Observatorio
Deberes para los padres
Joan Cañete Bayle
Cada generación se construye en parte por oposición a las anteriores. Cíclicamente, pues, se descubre la sopa de ajo y los pantalones de pata de elefante y se repite esa irritante manía del espejo de devolver la imagen de nuestros padres al reflejarnos. A la generación X le ha llegado el turno de lidiar con la educación de adolescentes, y descubre fenómenos tan novedosos como que los jóvenes se rebelan contra la autoridad, que la noche confunde, que el síndrome de Peter Pan es un autoengaño y que la chavalería, desagradecida y olvidadiza, no reconoce el buenrollismo paterno construido durante la infancia. Experimentar la adolescencia desde el otro lado se vive con asombro y el convencimiento de que nadie afrontó nunca antes un reto tan descomunal. Los abuelos, como les toca, se limitan a alzar las cejas.
Sí es cierto que los padres de adolescentes de hoy deben gestionar un fenómeno novedoso: los móviles. Sus hijos son nativos de los móviles, nacieron ya grabados y fotografiados, aprendieron instintivamente el uso de la pantalla táctil, y socializaron a través de aplicaciones y contenido compartido. Al principio hacía gracia, pero de un tiempo a esta parte hemos comprendido lo que los algoritmos, los likes, los reels y los tiktoks tienen un lado oscurísimo. Los adultos se quejan de que las pantallas han esclavizado a los jóvenes, que parecen zombis enganchados a la pantalla, incapaces de mantener la atención en una conversación sin consultar las notificaciones cada poco.
Después de haberles regalado móviles a edades muy tempranas, los padres hace ya tiempo que cargan contra las escuelas y los institutos en los grupos de Whatsapp y las notas de voz que se intercambian. A los móviles se les atribuye el desastre del informe PISA, las carencias en comprensión lectora, el aumento del consumo del porno, el bullying, la multiplicación de los problemas de salud mental, el racismo, el machismo y la incomunicación entre ellos y sus hijos. Se les atribuye estos males como causa, no solo como medio que amplifica y multiplica los efectos. Y el matiz es importante: si la causa de los problemas es el teléfono móvil, es lógico pensar que sin pantallas no habría problemas. Una forma como cualquier otra de pensamiento mágico.

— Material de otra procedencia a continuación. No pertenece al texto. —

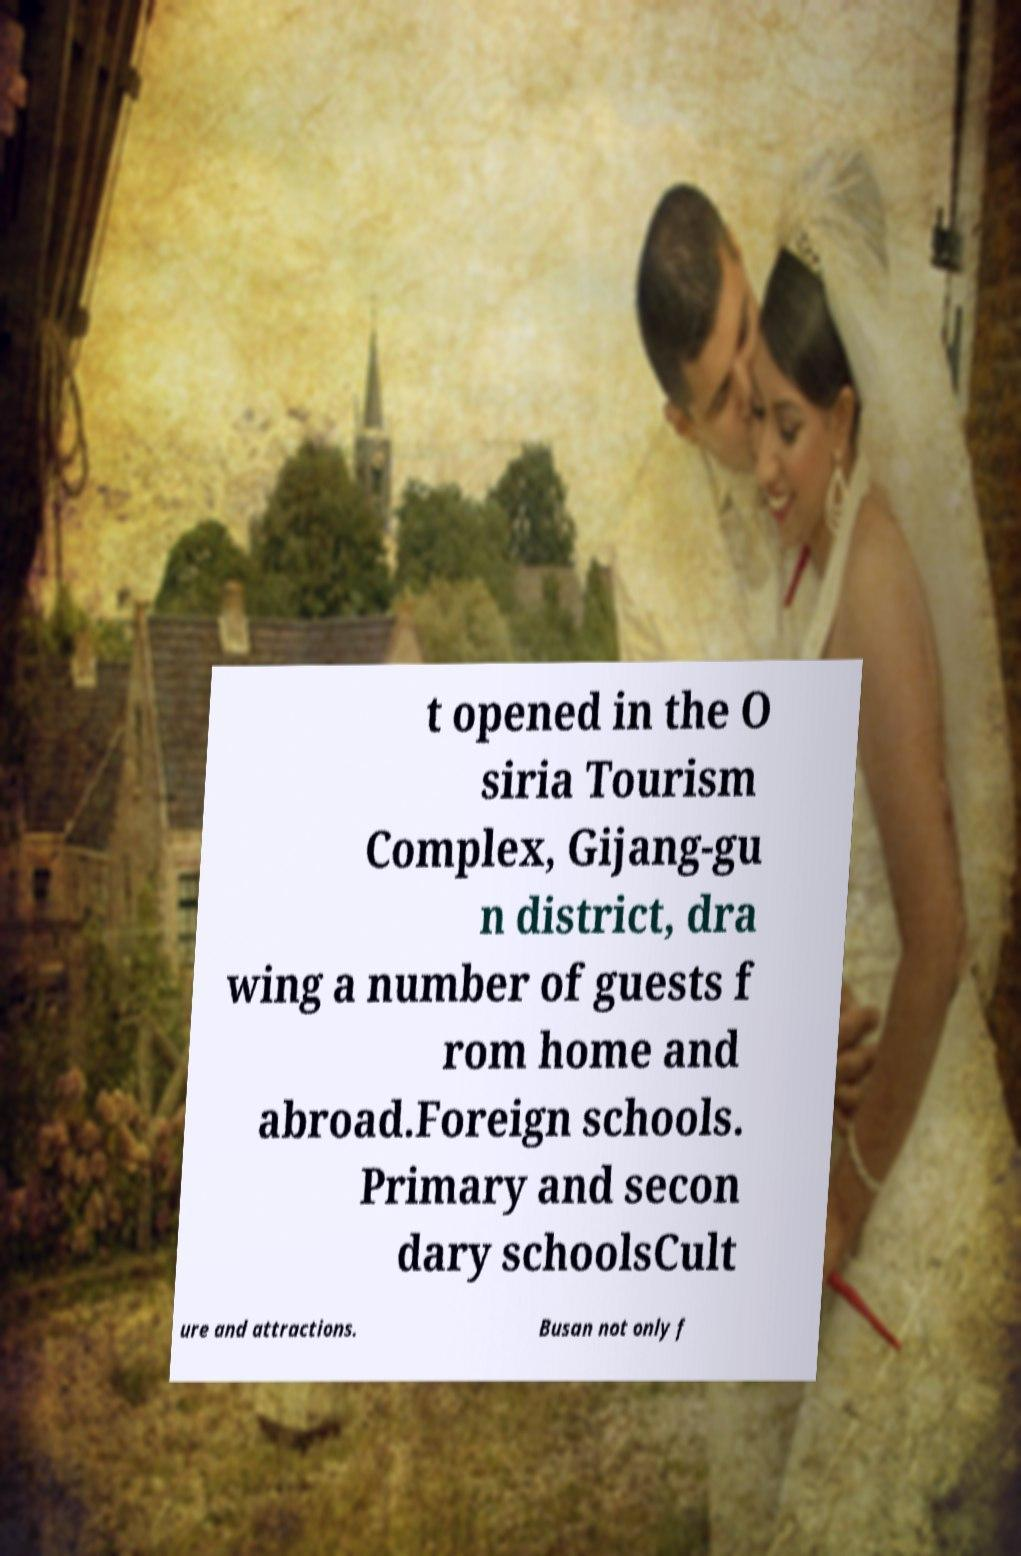For documentation purposes, I need the text within this image transcribed. Could you provide that? t opened in the O siria Tourism Complex, Gijang-gu n district, dra wing a number of guests f rom home and abroad.Foreign schools. Primary and secon dary schoolsCult ure and attractions. Busan not only f 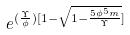Convert formula to latex. <formula><loc_0><loc_0><loc_500><loc_500>e ^ { ( \frac { \Upsilon } { \phi } ) [ 1 - \sqrt { 1 - \frac { 5 \phi ^ { 5 } m } { \Upsilon } } ] }</formula> 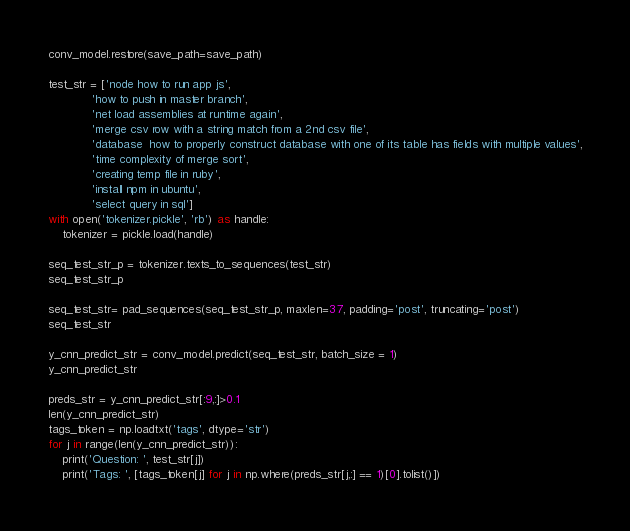<code> <loc_0><loc_0><loc_500><loc_500><_Python_>conv_model.restore(save_path=save_path)

test_str = ['node how to run app js',
            'how to push in master branch',
            'net load assemblies at runtime again',
            'merge csv row with a string match from a 2nd csv file',
            'database  how to properly construct database with one of its table has fields with multiple values',
            'time complexity of merge sort',
            'creating temp file in ruby',
            'install npm in ubuntu',
            'select query in sql']
with open('tokenizer.pickle', 'rb') as handle:
    tokenizer = pickle.load(handle)

seq_test_str_p = tokenizer.texts_to_sequences(test_str)
seq_test_str_p

seq_test_str= pad_sequences(seq_test_str_p, maxlen=37, padding='post', truncating='post')
seq_test_str

y_cnn_predict_str = conv_model.predict(seq_test_str, batch_size = 1)
y_cnn_predict_str

preds_str = y_cnn_predict_str[:9,:]>0.1
len(y_cnn_predict_str)
tags_token = np.loadtxt('tags', dtype='str')
for j in range(len(y_cnn_predict_str)):
    print('Question: ', test_str[j])
    print('Tags: ', [tags_token[j] for j in np.where(preds_str[j,:] == 1)[0].tolist()])
</code> 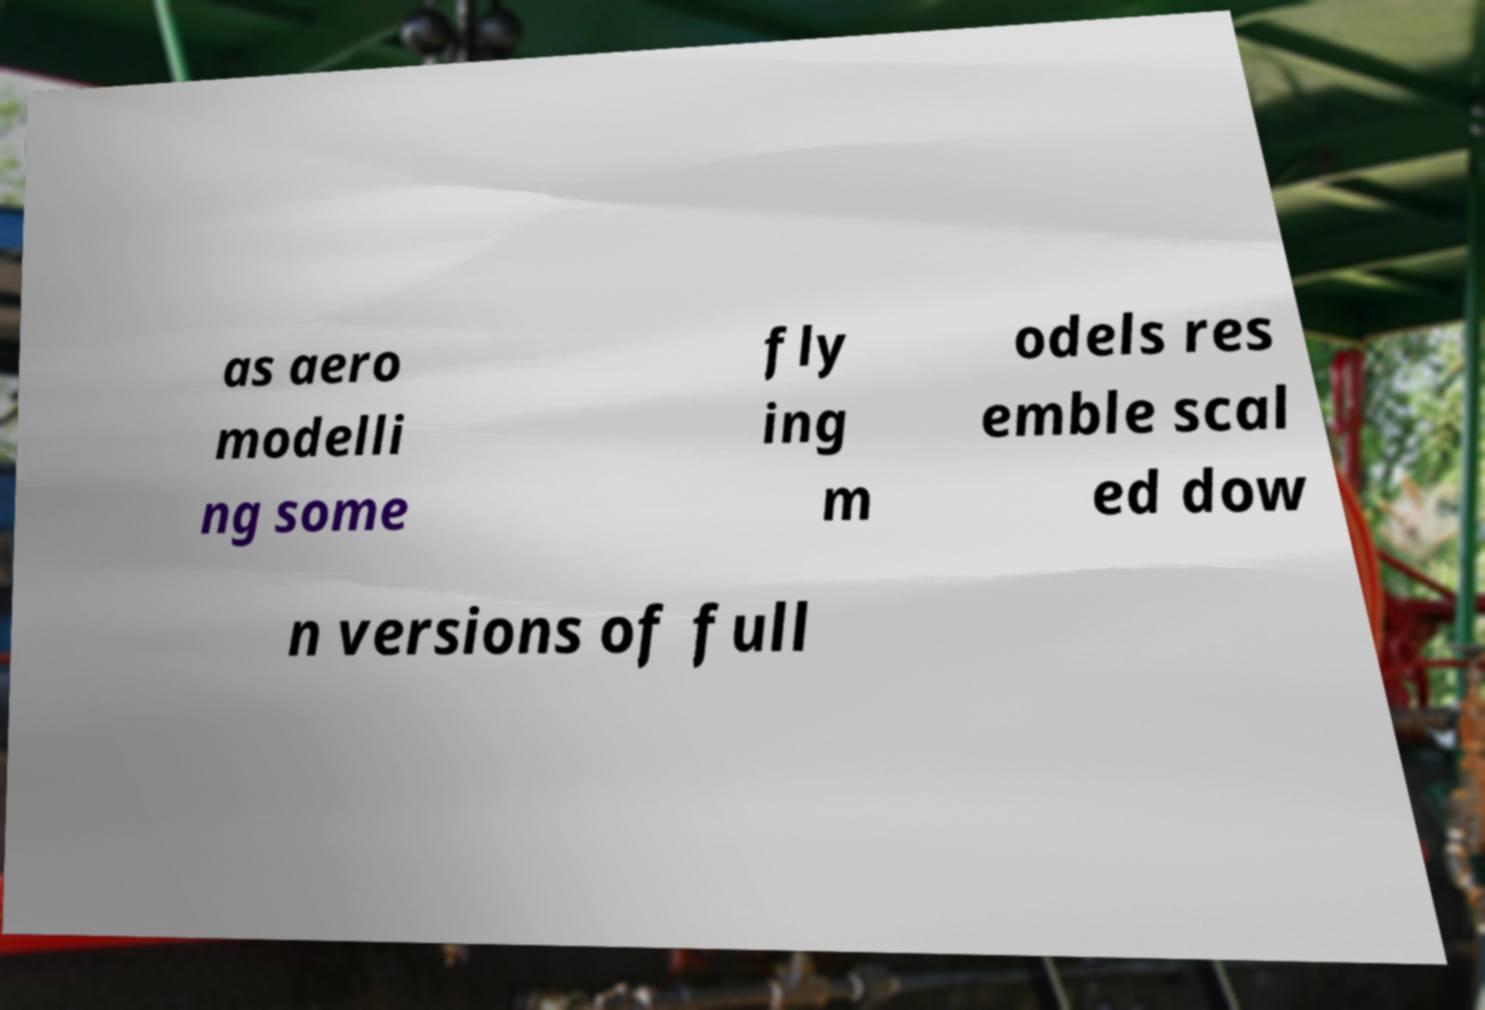Please identify and transcribe the text found in this image. as aero modelli ng some fly ing m odels res emble scal ed dow n versions of full 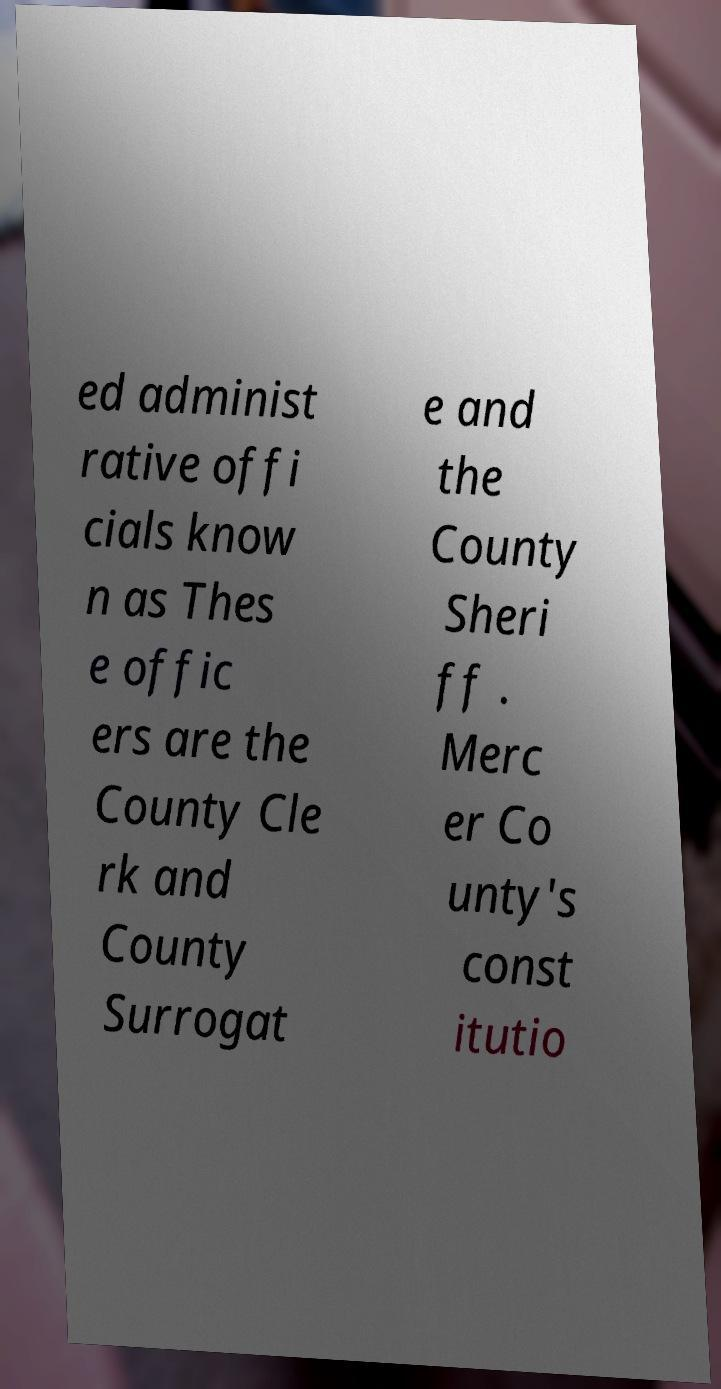Please identify and transcribe the text found in this image. ed administ rative offi cials know n as Thes e offic ers are the County Cle rk and County Surrogat e and the County Sheri ff . Merc er Co unty's const itutio

Después de resistirse a ello, argumentando que educar siempre es mejor que prohibir, las autoridades han decidido desterrar el móvil de las aulas.
Seguramente los profesores respirarán aliviados con la prohibición porque quita un elemento de distracción y de conflicto en las aulas, donde no hay escasez de ello. Desde un punto de vista pedagógico, hay motivos para estar a favor de la regulación. Muchos padres aplaudirán que sus hijos no usen el móvil en el instituto, puede que hasta lo dejen en casa (lo dudo). Eso sí, es inevitable preguntarse que si los padres no quieren que sus hijos usen el móvil a la hora del patio en la ESO, ¿por qué les compraron el aparato a sus hijos o les permiten llevarlo en la mochila? El no, tan cansino y difícil, que lo diga otro.
El debate de los móviles (y las tabletas, y los ordenadores) tiene varias esferas. Una es educativo/pedagógica: comprensión lectora, atención, capacidad de concentración, educación en el mundo digital, socialización entre los jóvenes, etcétera. Otra es el ámbito educativo que compete a las familias. Y ahí, a esta generación que ahora educa a los adolescentes le gusta externalizar responsabilidades a los docentes al mismo tiempo que les regatea autoridad.
El uso del móvil debe regularse y educarse en casa. Si una familia no quiere que su hijo de 12 años tenga móvil no hace falta promover una iniciativa legislativa popular, basta con no comprárselo. Una vez los móviles se han prohibido en las aulas, los deberes ahora son para los padres. Es en las familias donde hay que detectar y gestionar los innegables retos, problemas y también oportunidades que presentan los móviles y el mundo digital.